My One-Person-Company Bet: Who Gets Paid First in China?
I am not betting on China inventing the best agent. I am betting on China making digital labour habitual — and on the companies that already own the rails where that behaviour has to happen.
A Thousand People Queued to Install OpenClaw
I own Tencent, Alibaba, three Chinese telcos, and Kingdee — and I own them because I believe the companies that already control daily habit, payments, and enterprise workflows are the ones that get paid when digital labour becomes routine. That is the bet — and everything in this piece tests whether I should be increasing it or reconsidering the sizing. A thousand people queuing at Tencent’s Shenzhen headquarters to install software that might do work on their behalf is either early evidence that the bet is right, or the kind of demand signal that flatters before it fades.
The Chinese internet gave it a name: “growing your lobster” — feeding a software agent tasks until it starts handling the workload for you. Tencent’s OpenClaw was the software, and those thousand people were not just turning up to play with a chatbot. They were testing whether software could take tasks off their plate.
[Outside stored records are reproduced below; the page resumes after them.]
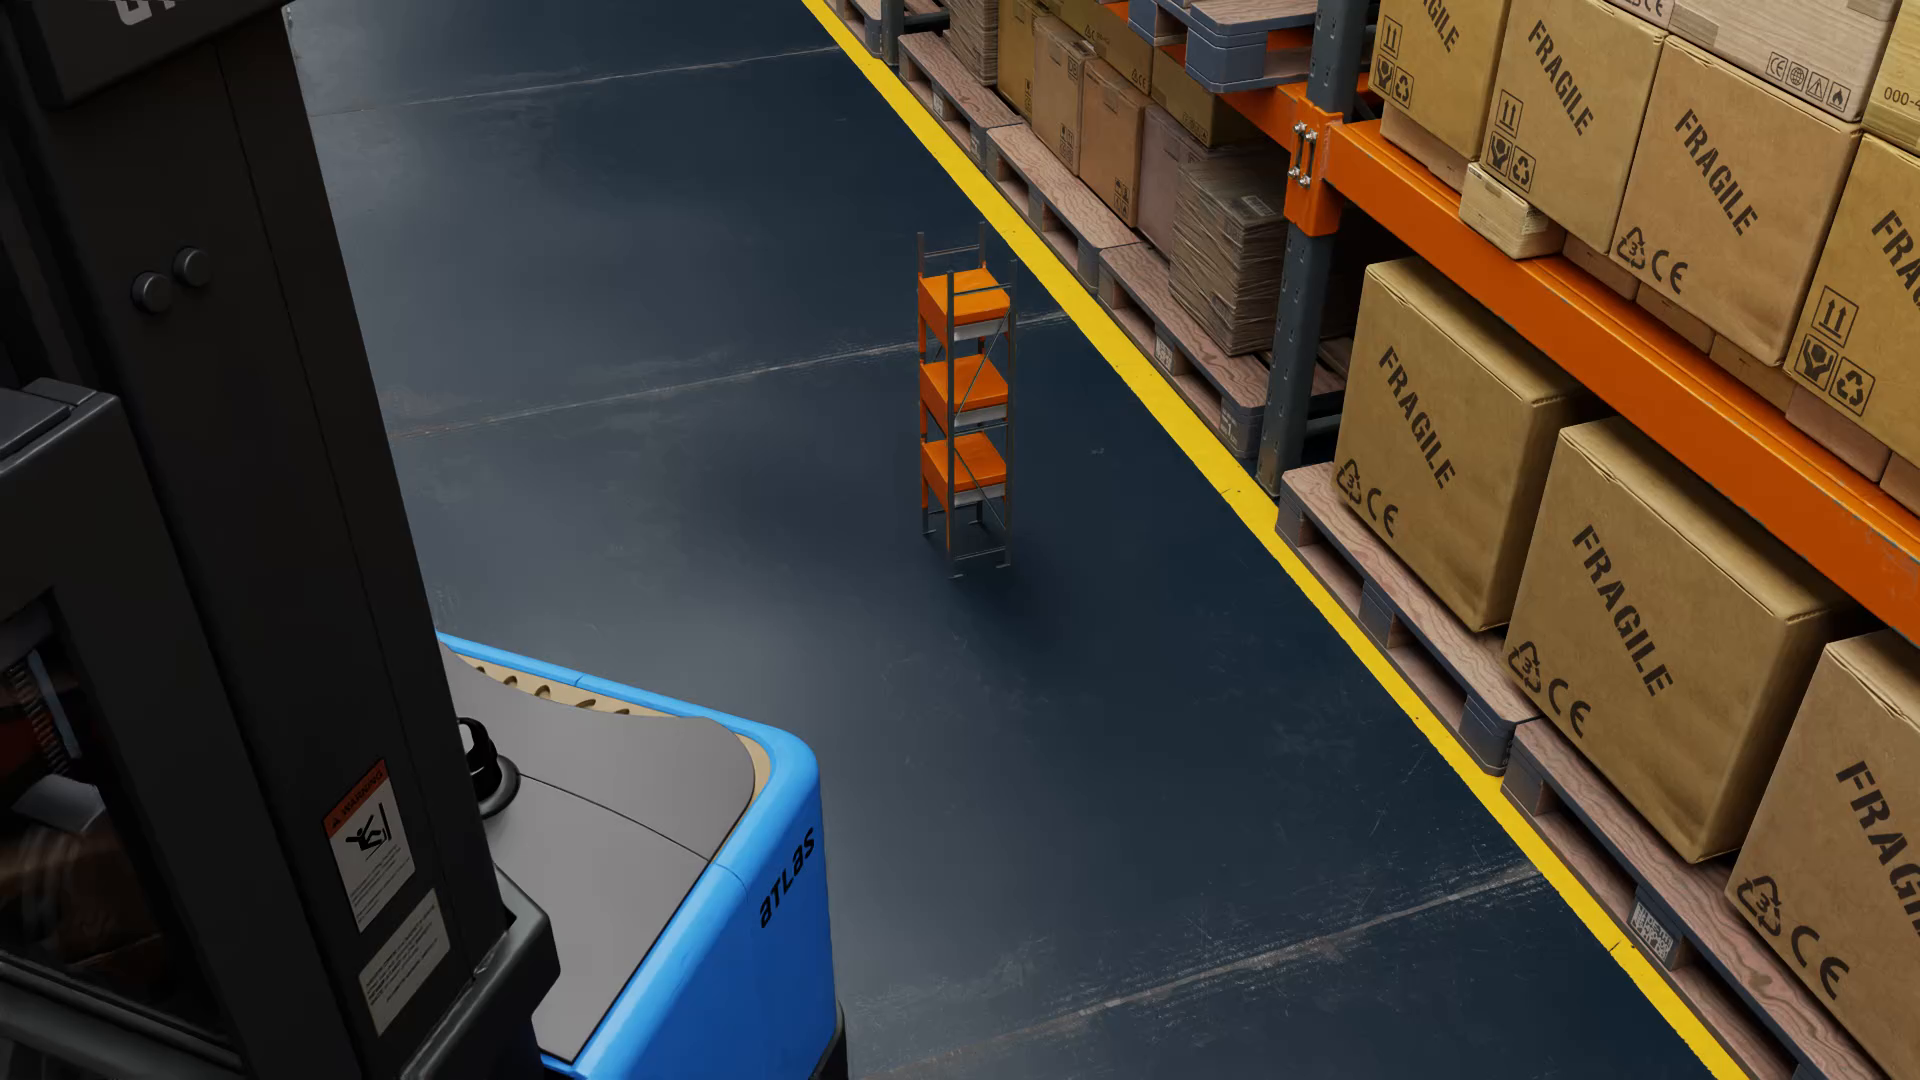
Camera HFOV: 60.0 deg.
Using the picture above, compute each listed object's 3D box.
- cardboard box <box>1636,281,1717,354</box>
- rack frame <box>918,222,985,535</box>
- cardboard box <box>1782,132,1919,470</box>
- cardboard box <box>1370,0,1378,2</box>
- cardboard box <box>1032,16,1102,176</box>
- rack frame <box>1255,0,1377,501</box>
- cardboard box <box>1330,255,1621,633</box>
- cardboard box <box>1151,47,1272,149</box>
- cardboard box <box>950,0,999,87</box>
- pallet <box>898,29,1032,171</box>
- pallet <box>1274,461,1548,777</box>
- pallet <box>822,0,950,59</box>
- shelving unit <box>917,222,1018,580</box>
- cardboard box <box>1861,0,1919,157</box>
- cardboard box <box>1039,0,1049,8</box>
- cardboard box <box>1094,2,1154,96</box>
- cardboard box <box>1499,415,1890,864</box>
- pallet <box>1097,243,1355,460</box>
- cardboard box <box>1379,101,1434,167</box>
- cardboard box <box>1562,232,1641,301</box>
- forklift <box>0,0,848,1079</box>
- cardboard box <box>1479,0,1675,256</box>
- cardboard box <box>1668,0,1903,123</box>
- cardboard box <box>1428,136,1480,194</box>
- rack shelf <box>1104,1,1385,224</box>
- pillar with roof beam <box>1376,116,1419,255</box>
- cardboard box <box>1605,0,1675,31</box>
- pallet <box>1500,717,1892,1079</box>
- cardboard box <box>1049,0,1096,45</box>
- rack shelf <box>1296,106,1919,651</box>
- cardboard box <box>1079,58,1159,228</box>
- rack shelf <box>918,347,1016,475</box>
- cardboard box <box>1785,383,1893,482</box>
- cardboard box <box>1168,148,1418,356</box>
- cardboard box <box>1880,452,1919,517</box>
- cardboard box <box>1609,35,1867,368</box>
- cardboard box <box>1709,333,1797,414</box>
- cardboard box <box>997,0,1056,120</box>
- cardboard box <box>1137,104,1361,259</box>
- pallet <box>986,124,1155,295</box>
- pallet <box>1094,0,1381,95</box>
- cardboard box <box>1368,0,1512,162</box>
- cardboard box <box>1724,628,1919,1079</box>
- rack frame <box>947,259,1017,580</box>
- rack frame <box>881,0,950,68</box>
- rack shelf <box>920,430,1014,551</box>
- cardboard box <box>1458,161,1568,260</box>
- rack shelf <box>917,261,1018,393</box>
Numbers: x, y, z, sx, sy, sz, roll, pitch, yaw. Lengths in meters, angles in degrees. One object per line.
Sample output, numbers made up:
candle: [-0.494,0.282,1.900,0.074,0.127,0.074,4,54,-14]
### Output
cardboard box: [1.754,-0.566,3.701,0.380,0.149,0.250,-12,39,-15]
rack frame: [-0.024,-0.458,4.986,0.200,1.050,0.008,-12,39,-16]
cardboard box: [1.923,-0.434,2.986,0.500,0.500,0.500,-11,38,-15]
cardboard box: [1.297,-1.945,4.890,0.700,0.500,0.500,-17,40,-21]
cardboard box: [0.723,-1.912,7.007,0.700,0.500,0.500,-12,39,-15]
rack frame: [1.468,-1.466,4.703,1.000,3.000,0.127,-12,39,-16]
cardboard box: [1.598,-0.332,4.635,0.750,0.750,0.750,-13,39,-17]
cardboard box: [1.034,-1.673,6.067,0.500,0.250,0.500,-12,39,-15]
cardboard box: [0.360,-2.490,7.775,0.700,0.500,0.500,-11,38,-14]
pallet: [0.361,-2.172,7.958,1.003,0.211,1.213,-12,39,-16]
pallet: [1.669,0.109,4.930,1.003,0.211,1.213,-12,39,-16]
pallet: [-0.173,-2.984,9.035,1.003,0.211,1.213,-12,39,-16]
shelving unit: [0.018,-0.389,4.894,0.215,1.050,0.252,-12,39,-16]
cardboard box: [1.925,-0.750,2.782,0.500,0.250,0.500,-13,39,-17]
cardboard box: [0.515,-2.542,7.220,0.500,0.250,0.500,-13,39,-17]
cardboard box: [0.852,-1.963,6.451,0.500,0.250,0.500,-13,39,-16]
cardboard box: [1.893,0.164,3.977,0.750,0.750,0.750,-13,39,-16]
pallet: [1.201,-0.794,6.128,1.003,0.211,1.213,-12,39,-16]
cardboard box: [1.364,-1.139,4.462,0.380,0.149,0.250,-13,39,-17]
cardboard box: [1.657,-0.711,3.893,0.380,0.149,0.250,-13,39,-16]
forklift: [-1.252,0.762,1.802,1.130,2.935,3.031,13,39,17]
cardboard box: [1.566,-1.007,3.747,0.500,0.500,0.500,-11,38,-14]
cardboard box: [1.744,-1.037,3.163,0.500,0.250,0.500,-12,39,-16]
cardboard box: [1.442,-0.995,4.270,0.380,0.149,0.250,-12,39,-15]
rack shelf: [0.780,-2.308,6.419,1.077,0.370,4.000,-12,39,-16]
pillar with roof beam: [-2.209,-3.884,2.927,9.100,9.000,0.400,-12,39,-16]
cardboard box: [1.568,-1.319,3.537,0.500,0.250,0.500,-13,39,-17]
pallet: [2.085,0.797,4.016,1.003,0.211,1.213,-12,39,-16]
cardboard box: [0.698,-2.248,6.831,0.500,0.250,0.500,-14,39,-17]
rack shelf: [2.156,-0.048,3.419,1.077,0.370,4.000,-12,39,-16]
cardboard box: [0.906,-1.629,6.631,0.700,0.500,0.500,-13,39,-16]
rack shelf: [0.018,-0.381,4.900,0.215,0.259,0.240,-12,39,-16]
cardboard box: [1.902,-0.275,3.314,0.380,0.149,0.250,-12,39,-16]
cardboard box: [1.171,-1.039,5.848,0.700,0.500,0.500,-12,39,-15]
cardboard box: [1.986,-0.125,3.115,0.380,0.149,0.250,-11,38,-15]
cardboard box: [1.736,-0.727,3.375,0.500,0.500,0.500,-13,39,-16]
cardboard box: [1.833,-0.418,3.504,0.380,0.149,0.250,-12,39,-15]
cardboard box: [0.585,-2.209,7.401,0.700,0.500,0.500,-13,39,-17]
cardboard box: [1.103,-1.354,6.266,0.700,0.500,0.500,-13,39,-16]
pallet: [0.784,-1.482,7.042,1.003,0.211,1.213,-12,39,-16]
pallet: [1.123,-1.770,5.266,1.213,0.211,1.003,-12,39,-16]
cardboard box: [1.395,-1.305,4.142,0.500,0.500,0.500,-11,38,-15]
cardboard box: [2.190,0.643,3.341,0.750,0.750,0.750,-11,38,-15]
rack frame: [0.060,-0.320,4.803,0.200,1.050,0.008,-12,39,-16]
rack frame: [0.092,-3.725,7.703,1.000,3.000,0.127,-12,39,-16]
rack shelf: [0.018,-0.159,5.068,0.215,0.259,0.240,-12,39,-16]
cardboard box: [1.454,-0.828,4.048,0.380,0.149,0.250,-11,38,-15]
rack shelf: [0.018,-0.607,4.730,0.215,0.259,0.240,-12,39,-16]

Once Tencent began placing OpenClaw’s task-handling logic inside WeChat as a native contact rather than a separate destination, the story stopped looking like a consumer fad and started looking like an economic experiment — not curiosity, but delegation.
By one-person company, I do not mean an internet slogan but software that compresses administration, customer service, bookkeeping, and parts of sales support into a much smaller human footprint — enough that one operator can function a bit more like a small firm.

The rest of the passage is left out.